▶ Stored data
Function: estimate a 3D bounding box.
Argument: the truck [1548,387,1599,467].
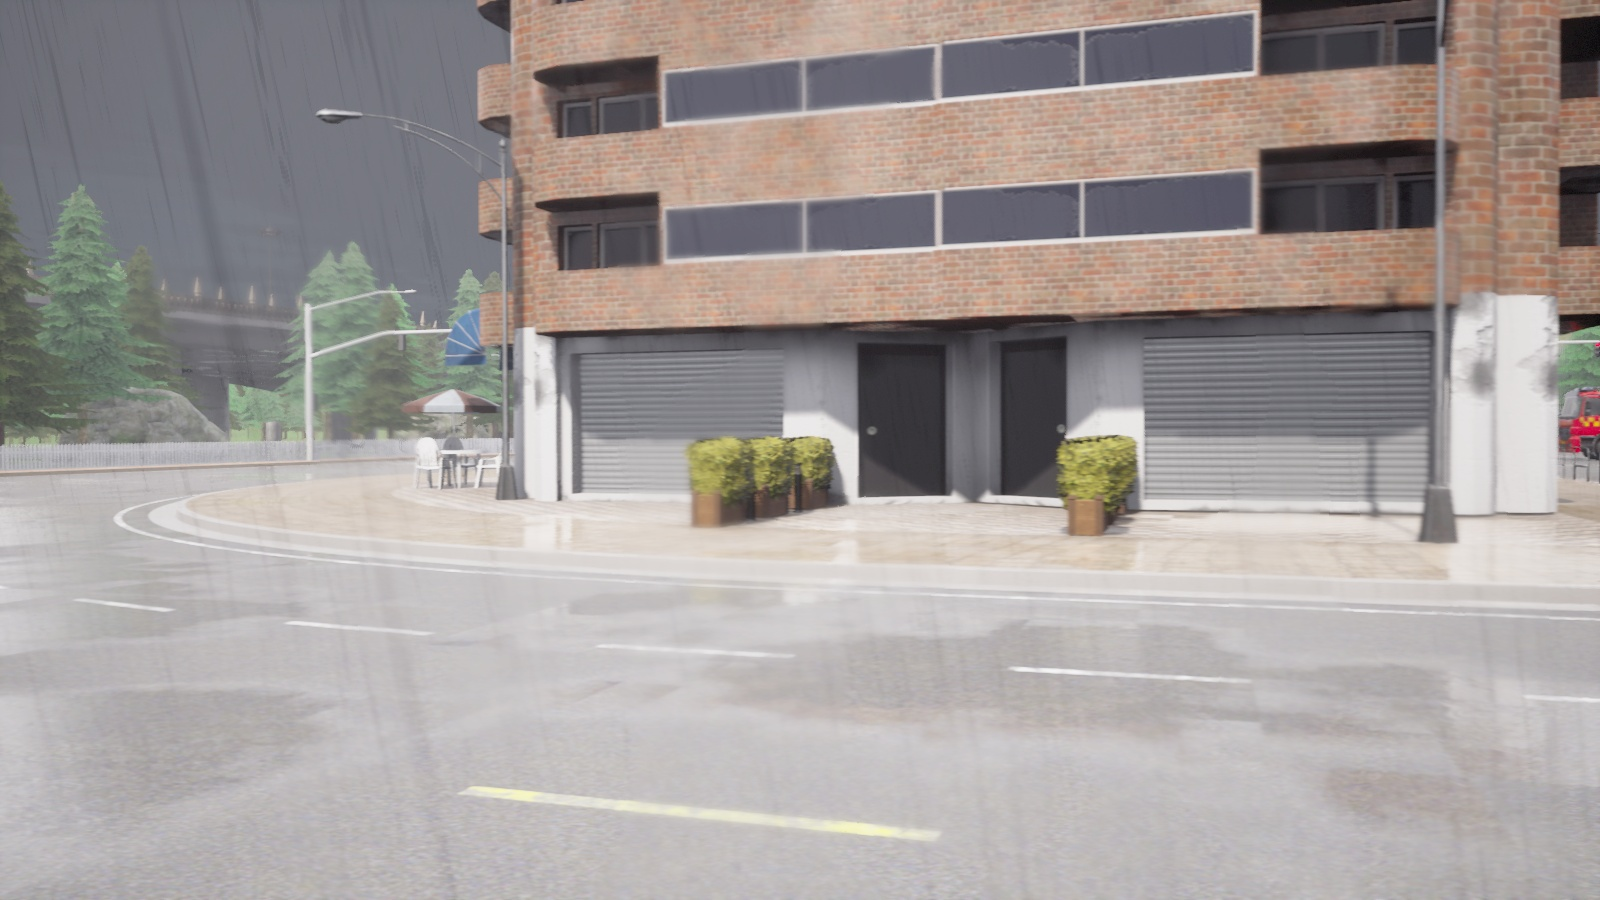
[{"bbox_3d":[41.100,-1.086,60.239,8.468,3.827,2.891,1,1,18],"label":"truck"}]
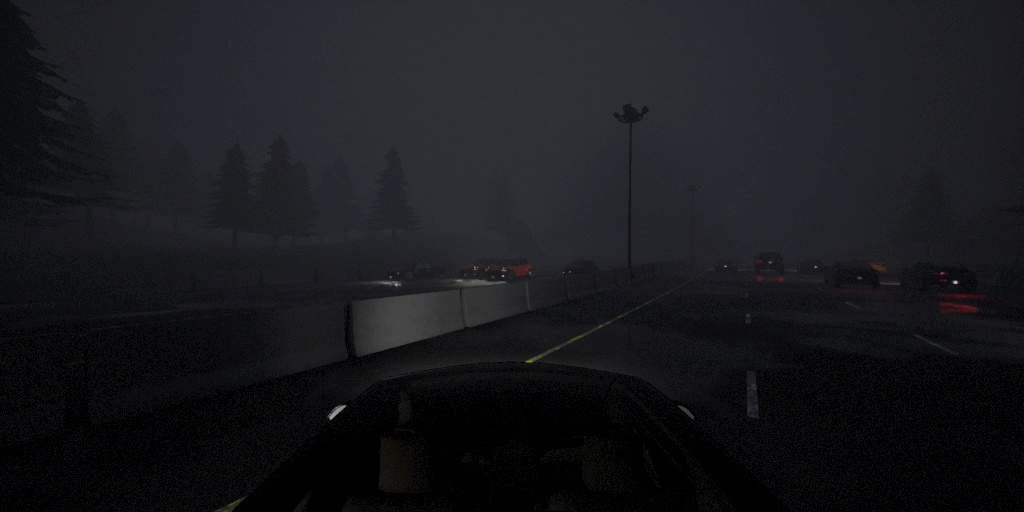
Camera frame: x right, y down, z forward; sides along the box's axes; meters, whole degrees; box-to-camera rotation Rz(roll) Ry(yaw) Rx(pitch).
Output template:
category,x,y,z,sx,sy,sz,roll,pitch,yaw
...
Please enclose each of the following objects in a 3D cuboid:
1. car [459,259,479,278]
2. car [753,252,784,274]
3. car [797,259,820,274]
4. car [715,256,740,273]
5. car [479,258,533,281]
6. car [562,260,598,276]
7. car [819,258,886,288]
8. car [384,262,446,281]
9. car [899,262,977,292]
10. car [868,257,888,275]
category,x,y,z,sx,sy,sz,roll,pitch,yaw
car,-2.594,0.986,31.366,2.097,1.767,4.553,0,0,33
car,24.675,0.628,34.485,2.150,2.045,5.566,0,1,33
car,28.739,0.936,34.320,1.994,1.385,4.181,0,1,33
car,22.119,0.956,36.980,1.994,1.385,4.181,0,1,33
car,-0.209,0.998,28.616,2.097,1.767,4.553,0,0,33
car,6.146,1.087,31.934,1.837,1.490,4.892,0,0,33
car,20.884,1.071,22.206,1.882,1.535,5.008,0,0,33
car,-7.854,1.215,29.710,2.033,1.411,5.357,0,1,33
car,23.702,1.099,20.118,1.837,1.490,4.892,0,-1,33
car,31.096,0.871,31.524,1.882,1.535,5.008,0,1,33
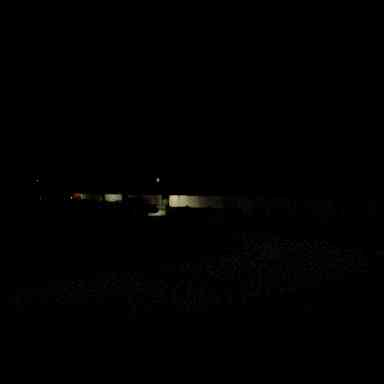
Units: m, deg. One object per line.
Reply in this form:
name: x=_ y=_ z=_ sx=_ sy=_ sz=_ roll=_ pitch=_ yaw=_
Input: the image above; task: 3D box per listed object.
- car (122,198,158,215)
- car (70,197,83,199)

▶ Requirement
With the images left out, output all the entries above exactly.

▶ Exercise result
Function: estimate a 3D bounding box.
Argument: the truck [1548,387,1599,467].
[{"bbox_3d":[41.100,-1.086,60.239,8.468,3.827,2.891,1,1,18],"label":"truck"}]
Camera frame: x right, y down, z forward; sides along the box's axes; meters, whole degrees; box-to-camera rotation Rz(roll) Ry(yaw) Rx(pitch).
Output template:
category,x,y,z,sx,sy,sz,roll,pitch,yaw
...
Please enclose each of the following objects in a 3D cuboid:
1. car [459,259,479,278]
2. car [753,252,784,274]
3. car [797,259,820,274]
4. car [715,256,740,273]
5. car [479,258,533,281]
6. car [562,260,598,276]
7. car [819,258,886,288]
8. car [384,262,446,281]
9. car [899,262,977,292]
10. car [868,257,888,275]
category,x,y,z,sx,sy,sz,roll,pitch,yaw
car,-2.594,0.986,31.366,2.097,1.767,4.553,0,0,33
car,24.675,0.628,34.485,2.150,2.045,5.566,0,1,33
car,28.739,0.936,34.320,1.994,1.385,4.181,0,1,33
car,22.119,0.956,36.980,1.994,1.385,4.181,0,1,33
car,-0.209,0.998,28.616,2.097,1.767,4.553,0,0,33
car,6.146,1.087,31.934,1.837,1.490,4.892,0,0,33
car,20.884,1.071,22.206,1.882,1.535,5.008,0,0,33
car,-7.854,1.215,29.710,2.033,1.411,5.357,0,1,33
car,23.702,1.099,20.118,1.837,1.490,4.892,0,-1,33
car,31.096,0.871,31.524,1.882,1.535,5.008,0,1,33
Units: m, deg. One object per line.
Reply in this form:
name: x=_ y=_ z=_ sx=_ sy=_ sz=_ roll=_ pitch=_ yaw=_
Input: the image above; task: 3D box per listed object.
- car (122,198,158,215)
- car (70,197,83,199)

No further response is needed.